Thursday, June 14, 2007

If You've Got HIV, America Doesn't Want You

Gay
"I have HIV," Biagio, a bartender at Escape in Soho tells me, so "I can't ever visit America." He's right, unless he puts his anti-retroviral drugs in unlabeled bottles and hopes immigration control doesn't stop him.
A 1993 law bans all HIV-positive would-be visitors from coming to the U.S. except under special circumstances. The law was put on the books at a time when HIV wasn't well understood and paranoia ran high. It's lingered for over a decade now, leaving people like Biagio and his friends feeling like toxins. Biagio tried to visit Los Angeles a year ago; it would be his first visit to the U.S. But his travel agency warned him not to risk it.
As a UK citizen, he doesn't need a visa to come to America for 90 days or less, but, if caught at customs with HIV-related medication, he could be forced to turn around and head home. "It's ridiculous," Biagio says.

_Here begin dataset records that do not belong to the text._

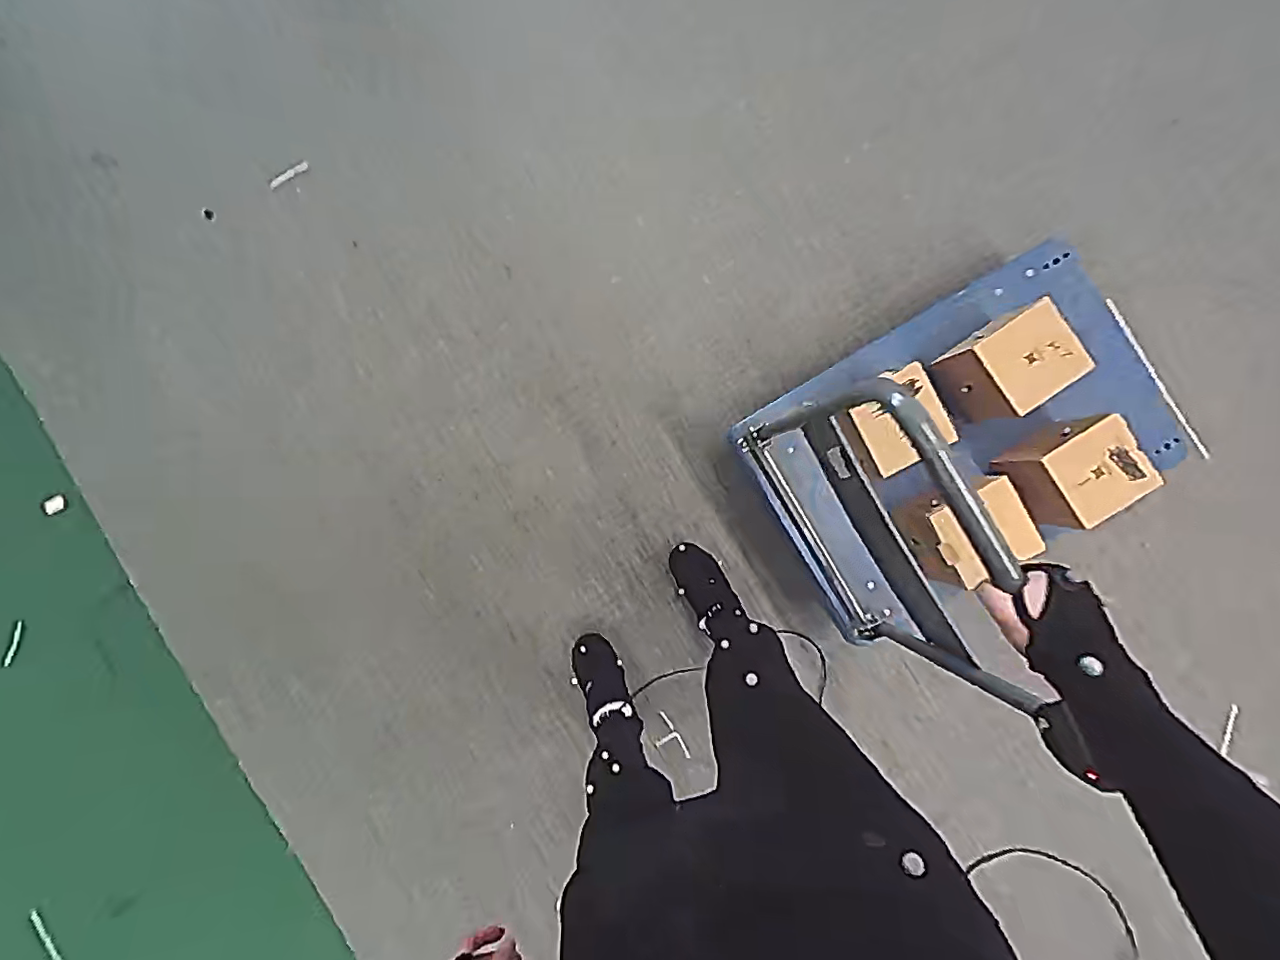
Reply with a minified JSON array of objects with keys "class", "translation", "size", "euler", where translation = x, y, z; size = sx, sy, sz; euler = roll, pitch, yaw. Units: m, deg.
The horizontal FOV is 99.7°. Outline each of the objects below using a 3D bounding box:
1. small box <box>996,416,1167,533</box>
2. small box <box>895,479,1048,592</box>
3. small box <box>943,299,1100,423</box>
[{"class":"small box","translation":[0.890,-0.012,1.109],"size":[0.179,0.176,0.168],"euler":[-31,89,2]},{"class":"small box","translation":[0.671,0.105,1.115],"size":[0.179,0.176,0.168],"euler":[-28,89,2]},{"class":"small box","translation":[0.763,-0.232,1.110],"size":[0.179,0.176,0.168],"euler":[-33,90,1]}]

He hasn't encountered this restriction anywhere on his travels throughout Europe so far. And it feeds into a broader view he has of the U.S. as a homophobic state that bans gay unions and ostracizes gays and lesbians in many parts of the country. "It's 18th century" behavior, he tells me. The law was implemented when greater stigma was attached to the disease -- especially regarding gay men -- and he interprets this current law as a perpetuation of that by some.

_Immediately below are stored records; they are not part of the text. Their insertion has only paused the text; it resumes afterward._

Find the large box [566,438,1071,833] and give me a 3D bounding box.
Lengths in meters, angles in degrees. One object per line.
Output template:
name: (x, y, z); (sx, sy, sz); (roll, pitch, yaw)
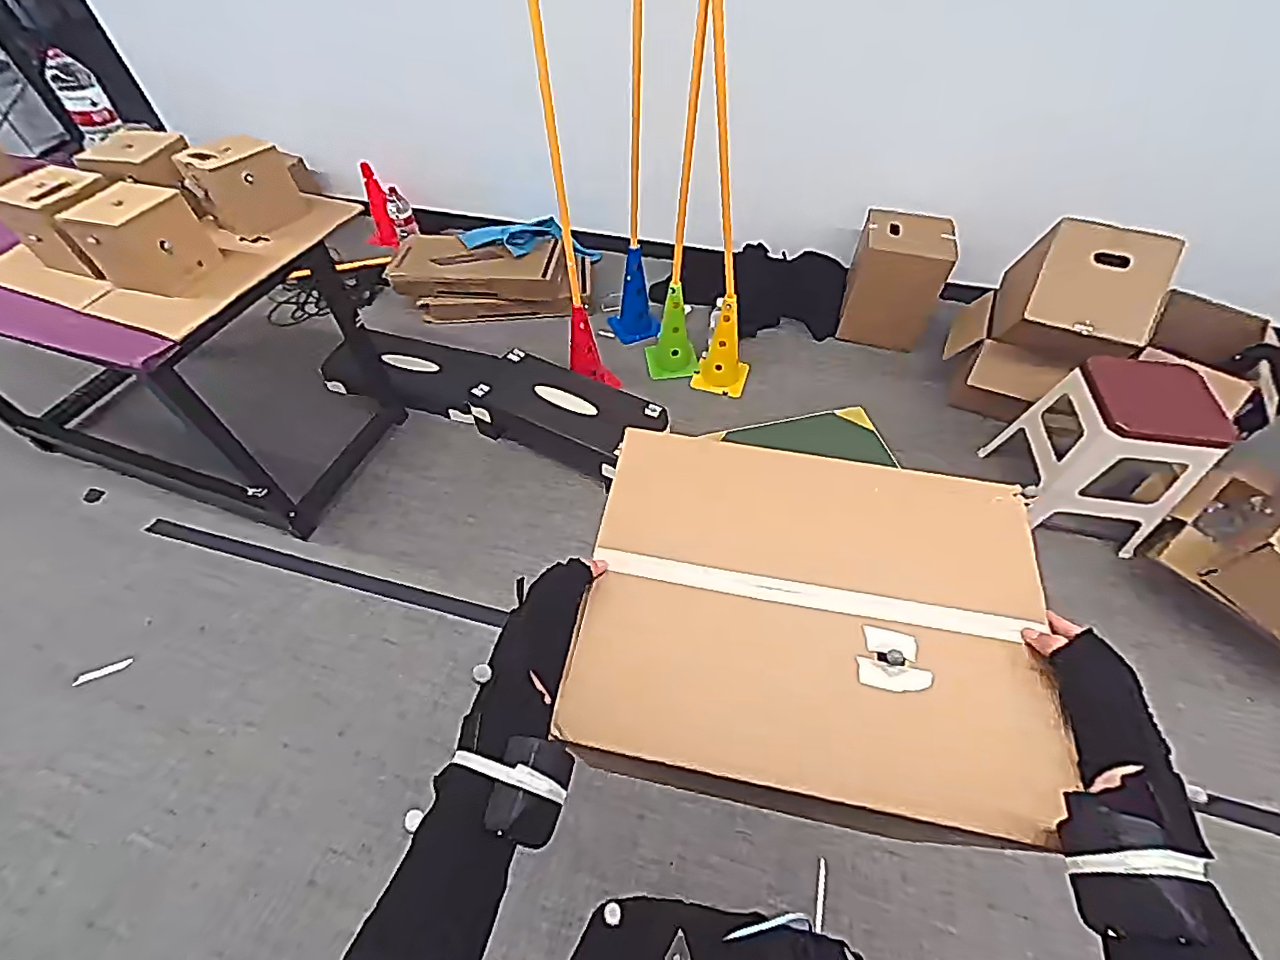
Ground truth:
large box: (0.157, 0.187, 0.627); (0.408, 0.320, 0.320); (9, 60, 6)

Biagio has been bartending for fourteen years. He began in Naples, Italy when he was fifteen before coming to London to learn English. Five years ago he was diagnosed, and his life changed, oddly, "very much for the better; I started taking care of myself, stopped taking drugs...Of course it'd be better if this had not happened, but..." he's still living his life to the fullest.

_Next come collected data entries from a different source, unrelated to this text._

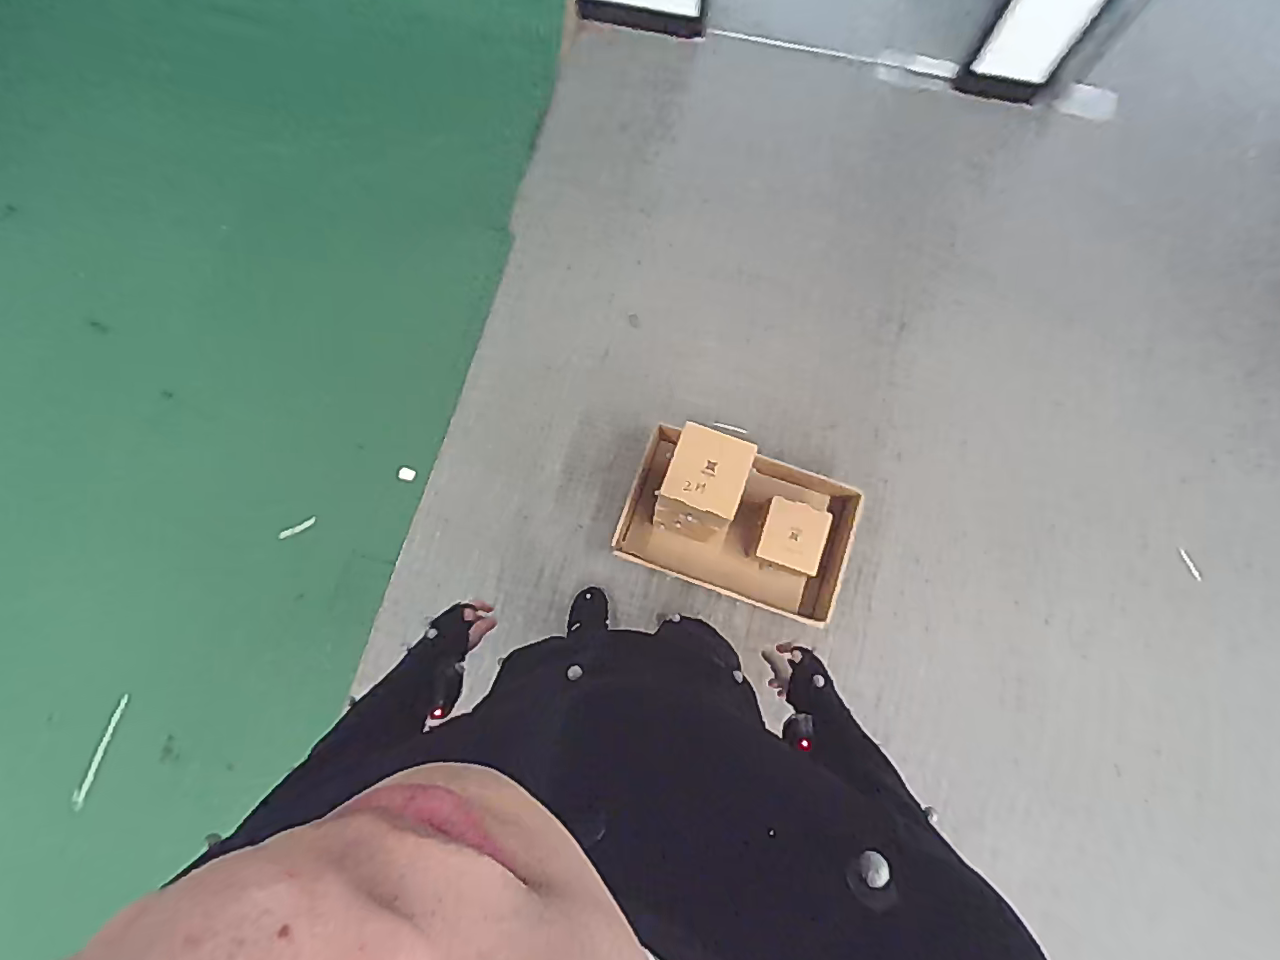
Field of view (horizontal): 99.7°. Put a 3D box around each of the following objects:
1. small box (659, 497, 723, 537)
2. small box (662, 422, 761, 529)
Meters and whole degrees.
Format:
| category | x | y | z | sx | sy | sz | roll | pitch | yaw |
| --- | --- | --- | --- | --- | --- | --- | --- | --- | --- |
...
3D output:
| category | x | y | z | sx | sy | sz | roll | pitch | yaw |
| --- | --- | --- | --- | --- | --- | --- | --- | --- | --- |
| small box | 0.150 | 0.034 | 1.379 | 0.168 | 0.176 | 0.179 | 20 | 80 | 5 |
| small box | 0.152 | -0.003 | 1.219 | 0.168 | 0.176 | 0.179 | 21 | 79 | 5 |

Over the past few months there's been serious reconsideration of America's HIV visitor policy. In December Bush talked about re-working it, and the Center for Strategic and International Studies put out a report in March calling for substantial changes to the law. Biagio isn't holding his breath. There are other places and things to see, and he loves it just where he is in Soho "serving drinks with passion" and "putting a smile on people's faces."